In his opinion for the plurality in Rosenbloom v. Metromedia, Inc. … (1971), Mr. Justice Brennan took the New York Times privilege one step further. He concluded that its protection should extend to defamatory falsehoods relating to private persons if the statements concerned matters of general or public interest. He abjured the suggested distinction between public officials and public figures on the one hand and private individuals on the other. He focused instead on society’s interest in learning about certain issues: “If a matter is a subject of public or general interest, it cannot suddenly become less so merely because a private individual is involved, or because in some sense the individual did not “voluntarily” choose to become involved.”
Thus, under the plurality opinion, a private citizen involuntarily associated with a matter of general interest has no recourse for injury to his reputation unless he can satisfy the demanding requirements of the New York Times test. …
We begin with the common ground. Under the First Amendment there is no such thing as a false idea. However pernicious an opinion may seem, we depend for its correction not on the conscience of judges and juries but on the competition of other ideas.8 But there is no constitutional value in false statements of fact.

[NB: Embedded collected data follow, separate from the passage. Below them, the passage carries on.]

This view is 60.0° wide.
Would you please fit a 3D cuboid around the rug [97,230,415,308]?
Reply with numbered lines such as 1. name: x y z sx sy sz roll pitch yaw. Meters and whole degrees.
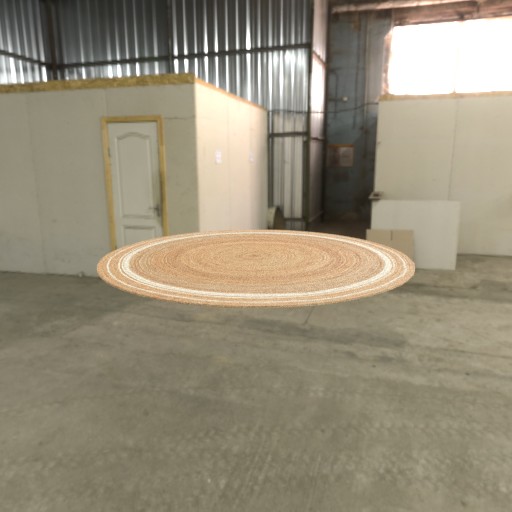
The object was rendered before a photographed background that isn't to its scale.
1. rug: 0.000 0.000 3.604 2.444 0.015 2.444 0 13 0
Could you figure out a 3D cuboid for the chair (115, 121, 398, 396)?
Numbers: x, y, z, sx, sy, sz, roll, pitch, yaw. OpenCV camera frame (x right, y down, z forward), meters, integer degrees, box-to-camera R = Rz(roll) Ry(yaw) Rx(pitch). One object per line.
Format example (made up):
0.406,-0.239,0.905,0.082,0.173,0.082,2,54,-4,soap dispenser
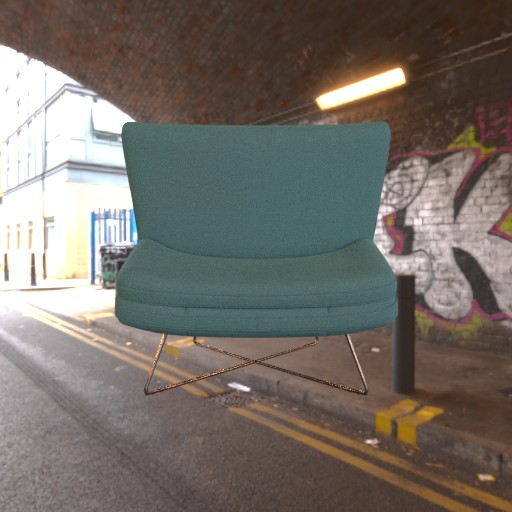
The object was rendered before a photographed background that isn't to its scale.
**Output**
0.000,0.000,1.638,0.859,0.855,1.008,0,1,0,chair
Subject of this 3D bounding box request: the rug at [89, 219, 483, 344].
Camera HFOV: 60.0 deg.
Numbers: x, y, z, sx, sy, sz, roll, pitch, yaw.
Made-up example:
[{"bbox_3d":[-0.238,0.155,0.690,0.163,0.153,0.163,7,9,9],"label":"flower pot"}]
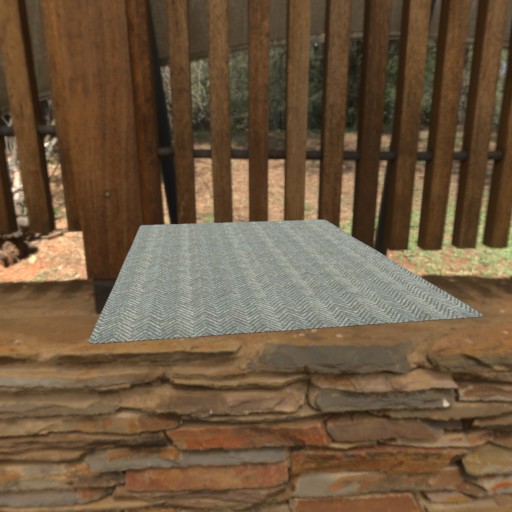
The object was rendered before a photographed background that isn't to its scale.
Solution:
[{"bbox_3d":[0.000,0.000,5.029,2.894,0.011,3.957,-2,16,-9],"label":"rug"}]
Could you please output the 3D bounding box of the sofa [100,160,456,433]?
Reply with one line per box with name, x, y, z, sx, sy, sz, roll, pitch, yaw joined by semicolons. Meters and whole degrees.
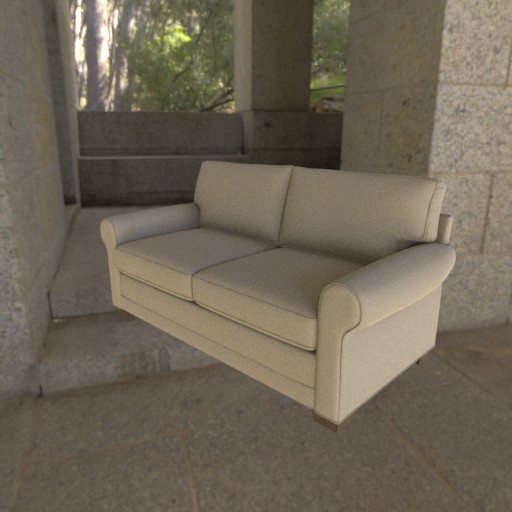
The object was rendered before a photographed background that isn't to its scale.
sofa;0.000;0.000;2.468;1.930;0.952;0.940;15;22;42
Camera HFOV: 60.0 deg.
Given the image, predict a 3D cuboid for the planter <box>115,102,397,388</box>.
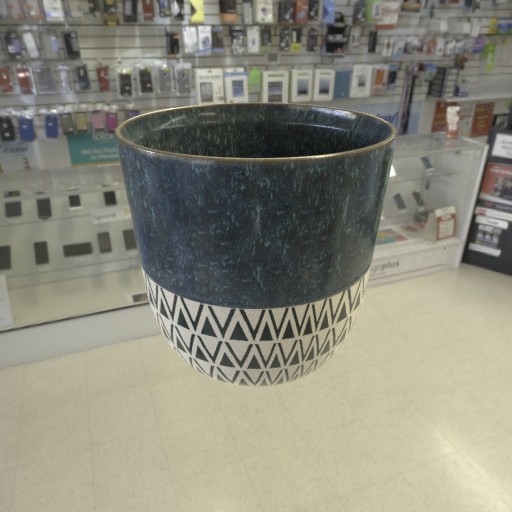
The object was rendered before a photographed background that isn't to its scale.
[{"bbox_3d":[0.000,0.000,0.366,0.195,0.214,0.195,0,27,0],"label":"planter"}]
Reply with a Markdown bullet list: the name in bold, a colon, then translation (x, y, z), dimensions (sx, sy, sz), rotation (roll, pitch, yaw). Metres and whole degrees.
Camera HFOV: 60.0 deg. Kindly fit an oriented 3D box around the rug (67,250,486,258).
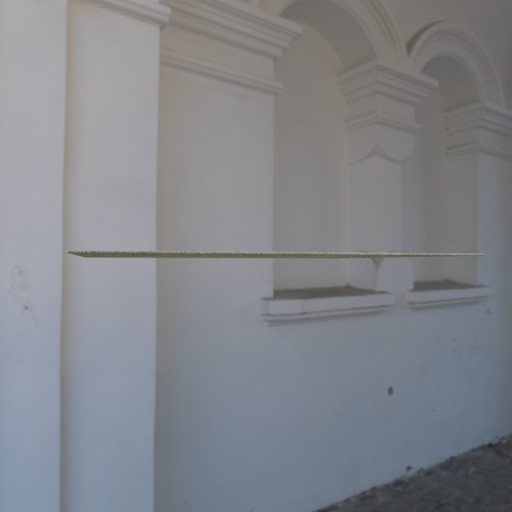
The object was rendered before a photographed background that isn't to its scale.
- **rug**: translation (0.000, 0.000, 4.287), dimensions (3.198, 0.016, 2.425), rotation (0, -1, -19)
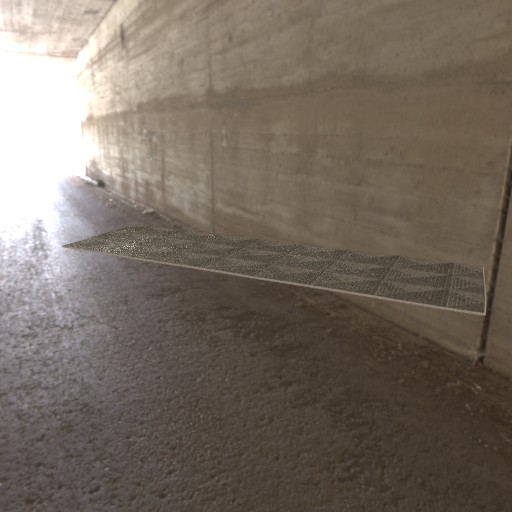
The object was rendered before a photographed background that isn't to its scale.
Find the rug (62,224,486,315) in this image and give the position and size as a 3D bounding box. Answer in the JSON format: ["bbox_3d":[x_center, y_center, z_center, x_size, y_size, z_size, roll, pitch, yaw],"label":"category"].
[{"bbox_3d":[0.000,0.000,2.349,2.182,0.015,0.645,8,18,25],"label":"rug"}]
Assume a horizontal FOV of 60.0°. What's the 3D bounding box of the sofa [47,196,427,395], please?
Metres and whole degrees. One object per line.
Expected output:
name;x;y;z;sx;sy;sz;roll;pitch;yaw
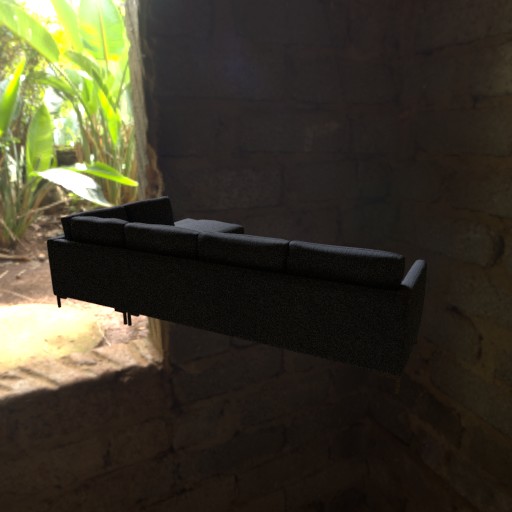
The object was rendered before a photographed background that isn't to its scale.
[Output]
sofa;0.000;0.000;3.934;2.949;0.815;2.007;8;18;26
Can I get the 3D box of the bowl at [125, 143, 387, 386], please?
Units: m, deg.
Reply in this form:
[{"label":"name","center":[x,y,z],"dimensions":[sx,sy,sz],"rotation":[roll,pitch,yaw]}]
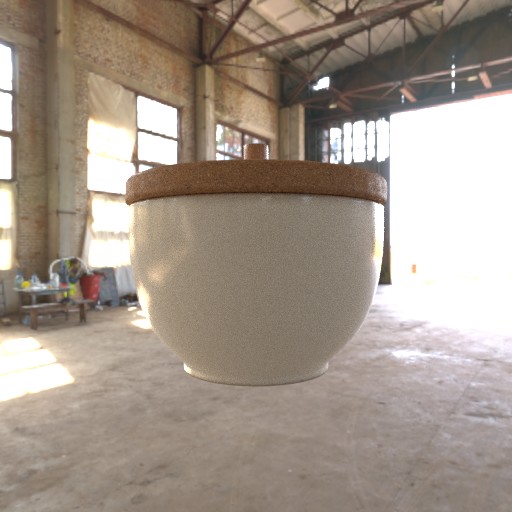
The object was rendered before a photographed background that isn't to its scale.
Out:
[{"label":"bowl","center":[0.000,0.000,0.223],"dimensions":[0.126,0.110,0.126],"rotation":[0,1,0]}]
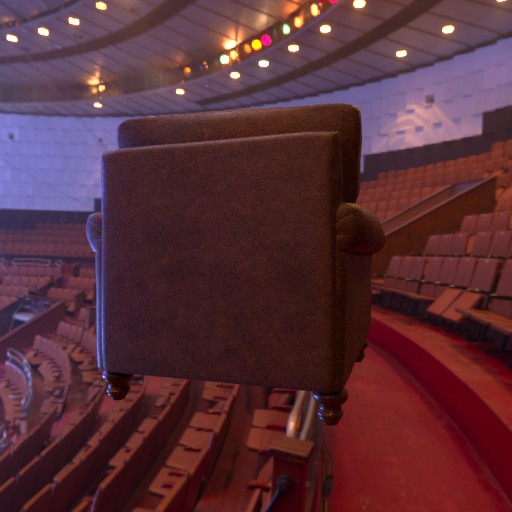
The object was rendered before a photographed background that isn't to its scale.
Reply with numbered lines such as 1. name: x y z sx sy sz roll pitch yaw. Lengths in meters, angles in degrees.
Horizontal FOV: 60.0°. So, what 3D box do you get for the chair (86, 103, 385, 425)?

Neither the intentional lie nor the careless error materially advances society’s interest in “uninhibited, robust and wide-open” debate on public issues. …
Although the erroneous statement of fact is not worthy of constitutional protection, it is nevertheless inevitable in free debate. … And punishment of error runs the risk of inducing a cautious and restrictive exercise of the constitutionally guaranteed freedoms of speech and press. Our decisions recognize that a rule of strict liability that compels a publisher or broadcaster to guarantee the accuracy of his factual assertions may lead to intolerable self-censorship. Allowing the media to avoid liability only by proving the truth of all injurious statements does not accord adequate protection to First Amendment liberties. …
The First Amendment requires that we protect some falsehood in order to protect speech that matters. …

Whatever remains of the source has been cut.